# washing machine making noise



## Drew_2kXJ (Jun 29, 2009)

Frigidaire model # FWS1234FS1

Hello, my washing machine is making a double clunking noise during the spin cycle and it gets quite loud. It sounds almost like a car going over a speedbump quickly and its at one specific point on the spin.  You can turn it by hand and it will make the noise in the same spot.

We have removed the front of the washer and looked for water leaking, no water to be found.

We have tried to remove the agitator and we can't figure out how it comes off. This is where we are stuck, if we can get this thing off we can continue looking for clues.

We have tried prying it, unscrewing it, and pulling it. And it won't budge. If you turn it counter clockwise it tightens up and if you turn it clockwise it will spin freely.

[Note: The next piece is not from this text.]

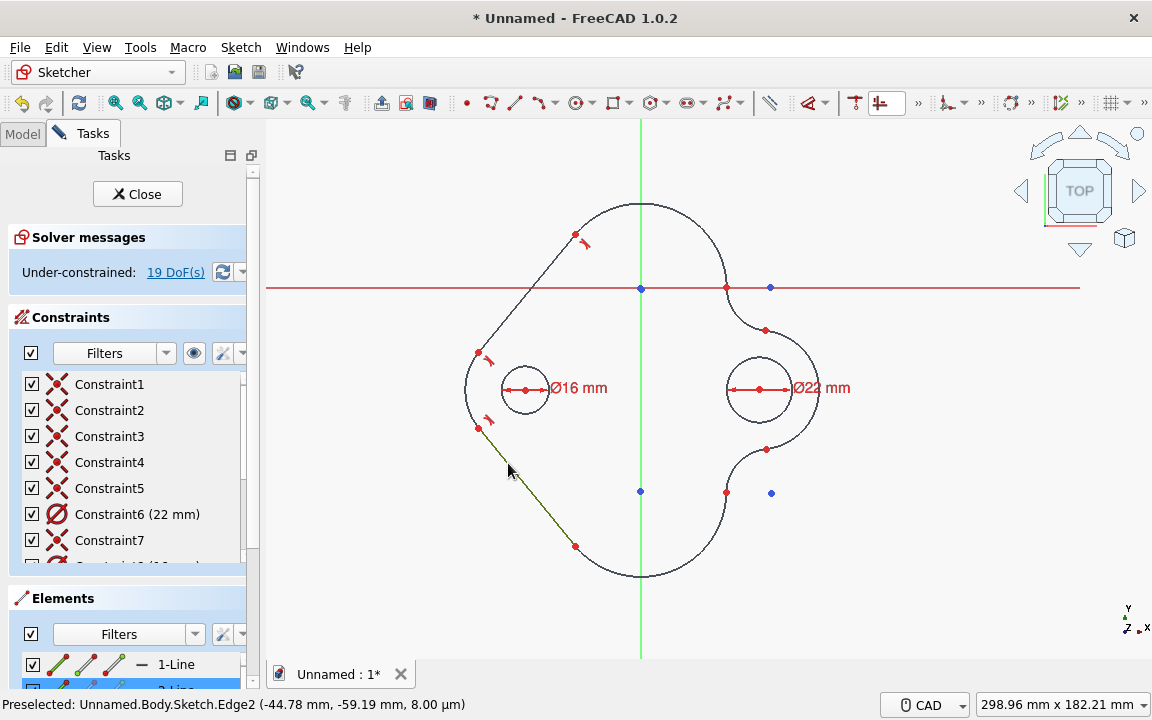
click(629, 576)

Any help would be appreciated.


----------



## bkplasma (Jul 12, 2009)

Look for a cap on top of the agitator.  It will be really hard to get off... Under the cap you should find a bolt. This holds the agitator.


----------



## Superpack (Nov 13, 2009)

I would guess that you have a transmission going out. Not to much in there to make noise in agit.

Regards,


----------



## Nestor_Kelebay (Nov 13, 2009)

I'm not familiar with Frigidaire washers, but I thought that it MIGHT simply be that the feet on the washer aren't leveled.  Maybe try pushing each corner of the machine downward during the spin cycle and see if the noise goes away when you push down on one corner.


----------



## rebecca16 (Nov 14, 2009)

I am not sure though but you could Check for drum bearing failure if your washing machine is noisy on the spin cycle. You can take the belt off and spin the drum by hand, and if the drum rumbles, replace the bearings. hope this will help you as you told you hear the noise during the spin cycle.


----------